Two sphereical bodies, each of mass 50 kg, are placed at a separation of 20 cm. Equal charges are placed on the bodies and it is found that the force of Coulomb repulsion equals the grativational attraction in magnitude. Find the magnitude of the charge placed on either body.

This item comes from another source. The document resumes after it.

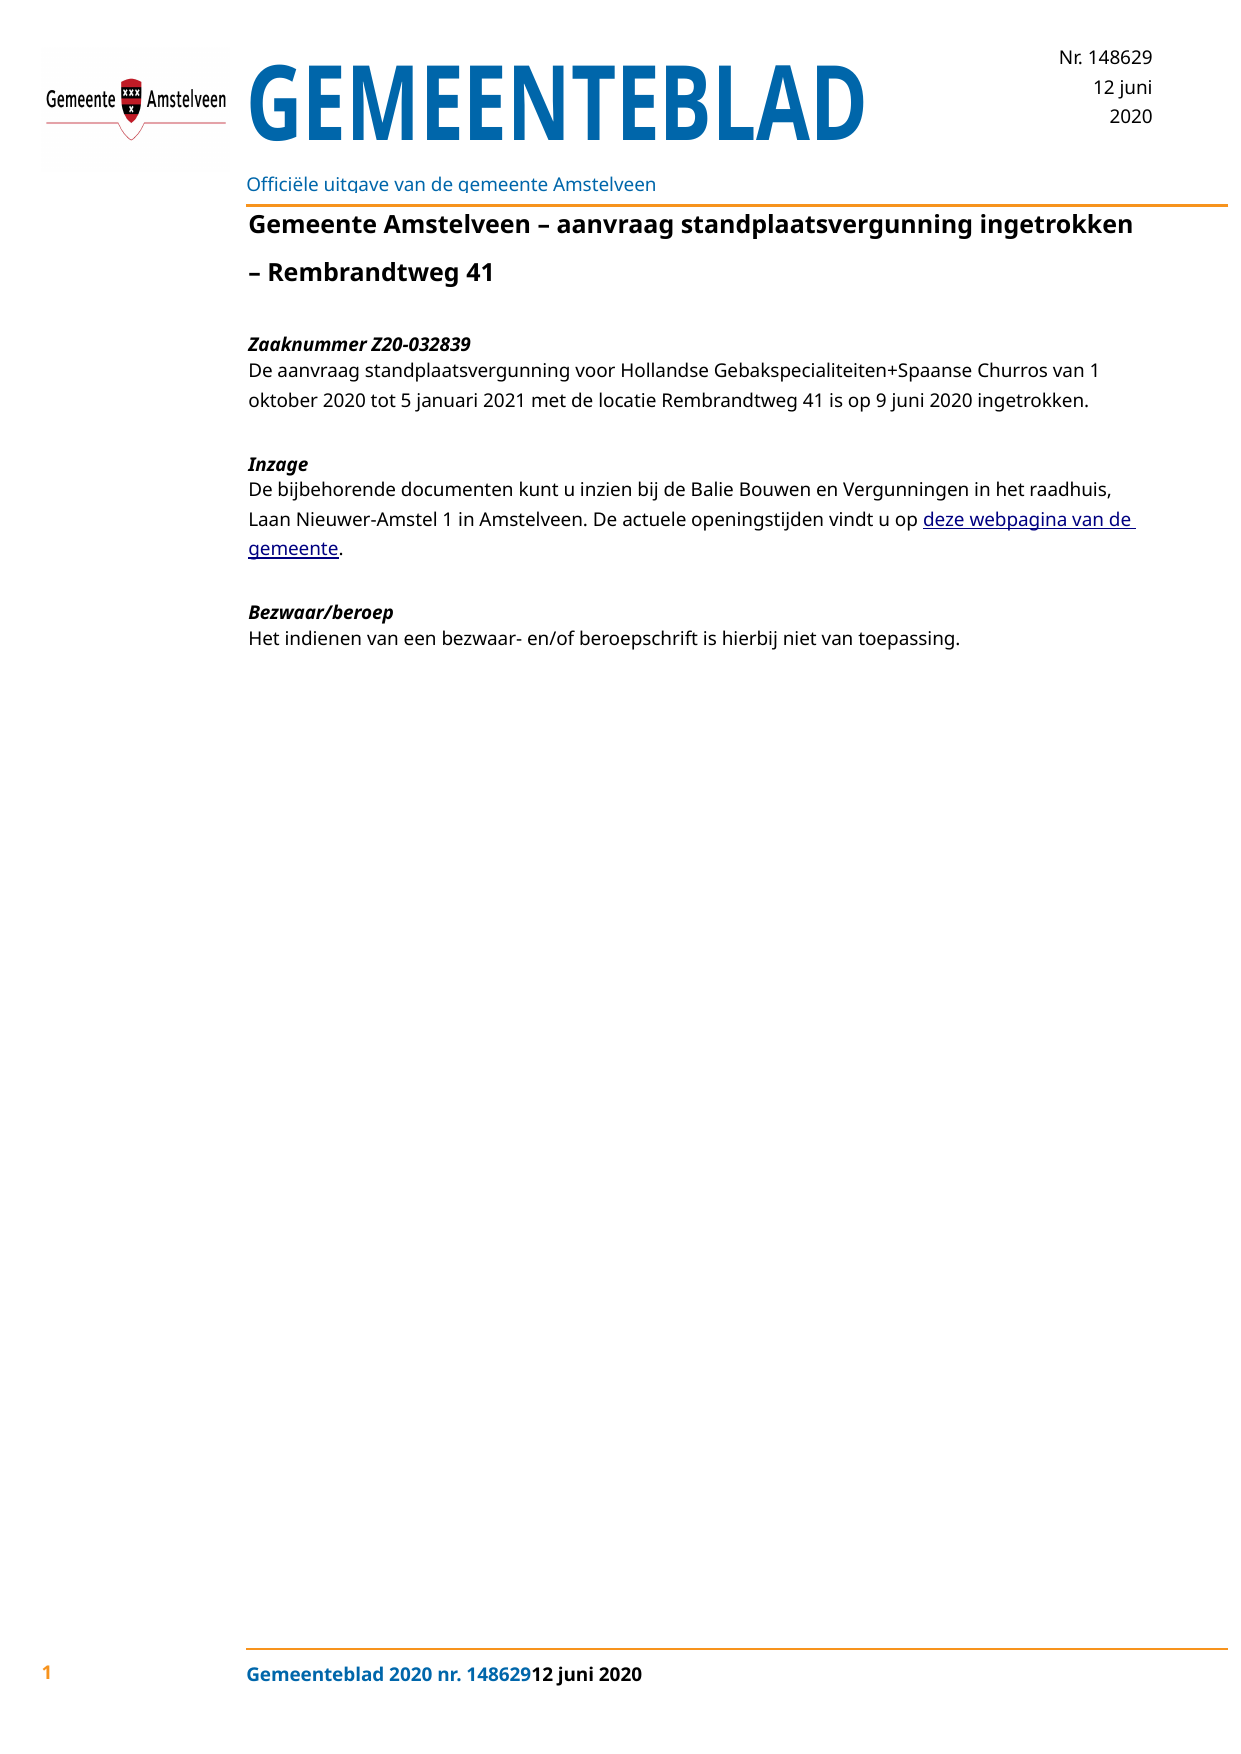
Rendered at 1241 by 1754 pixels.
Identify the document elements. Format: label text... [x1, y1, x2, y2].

To solve the problem, we need to find the magnitude of the charge placed on each of the two spherical bodies. We know that the gravitational attraction between the two bodies is equal to the Coulomb repulsion between them in magnitude. ### Step-by-Step Solution: 1. **Identify the Given Information:** - Mass of each body, \( m = 50 \, \text{kg} \) - Separation between the bodies, \( r = 20 \, \text{cm} = 0.2 \, \text{m} \) 2. **Write the Formula for Gravitational Force:** The gravitational force \( F_g \) between two masses is given by: \[ F_g = \frac{G m_1 m_2}{r^2} \] where \( G = 6.67 \times 10^{-11} \, \text{m}^2/\text{kg} \cdot \text{s}^2 \). Since both bodies have the same mass \( m \): \[ F_g = \frac{G m^2}{r^2} \] 3. **Substitute the Values into the Gravitational Force Formula:** \[ F_g = \frac{6.67 \times 10^{-11} \times (50)^2}{(0.2)^2} \] \[ F_g = \frac{6.67 \times 10^{-11} \times 2500}{0.04} \] \[ F_g = \frac{1.6675 \times 10^{-7}}{0.04} = 4.16875 \times 10^{-6} \, \text{N} \] 4. **Write the Formula for Coulomb Force:** The Coulomb force \( F_c \) between two charges is given by: \[ F_c = \frac{k q_1 q_2}{r^2} \] where \( k = 9 \times 10^9 \, \text{N m}^2/\text{C}^2 \) and since both charges are equal, \( q_1 = q_2 = q \): \[ F_c = \frac{k q^2}{r^2} \] 5. **Set the Gravitational Force Equal to the Coulomb Force:** Since the forces are equal in magnitude: \[ F_g = F_c \] \[ \frac{G m^2}{r^2} = \frac{k q^2}{r^2} \] 6. **Cancel \( r^2 \) from Both Sides:** \[ G m^2 = k q^2 \] 7. **Rearrange to Solve for \( q^2 \):** \[ q^2 = \frac{G m^2}{k} \] 8. **Substitute the Known Values:** \[ q^2 = \frac{6.67 \times 10^{-11} \times (50)^2}{9 \times 10^9} \] \[ q^2 = \frac{6.67 \times 10^{-11} \times 2500}{9 \times 10^9} \] \[ q^2 = \frac{1.6675 \times 10^{-7}}{9 \times 10^9} = 1.85278 \times 10^{-17} \] 9. **Calculate \( q \):** \[ q = \sqrt{1.85278 \times 10^{-17}} \approx 4.3 \times 10^{-9} \, \text{C} \] ### Final Answer: The magnitude of the charge placed on either body is approximately \( q \approx 4.3 \times 10^{-9} \, \text{C} \).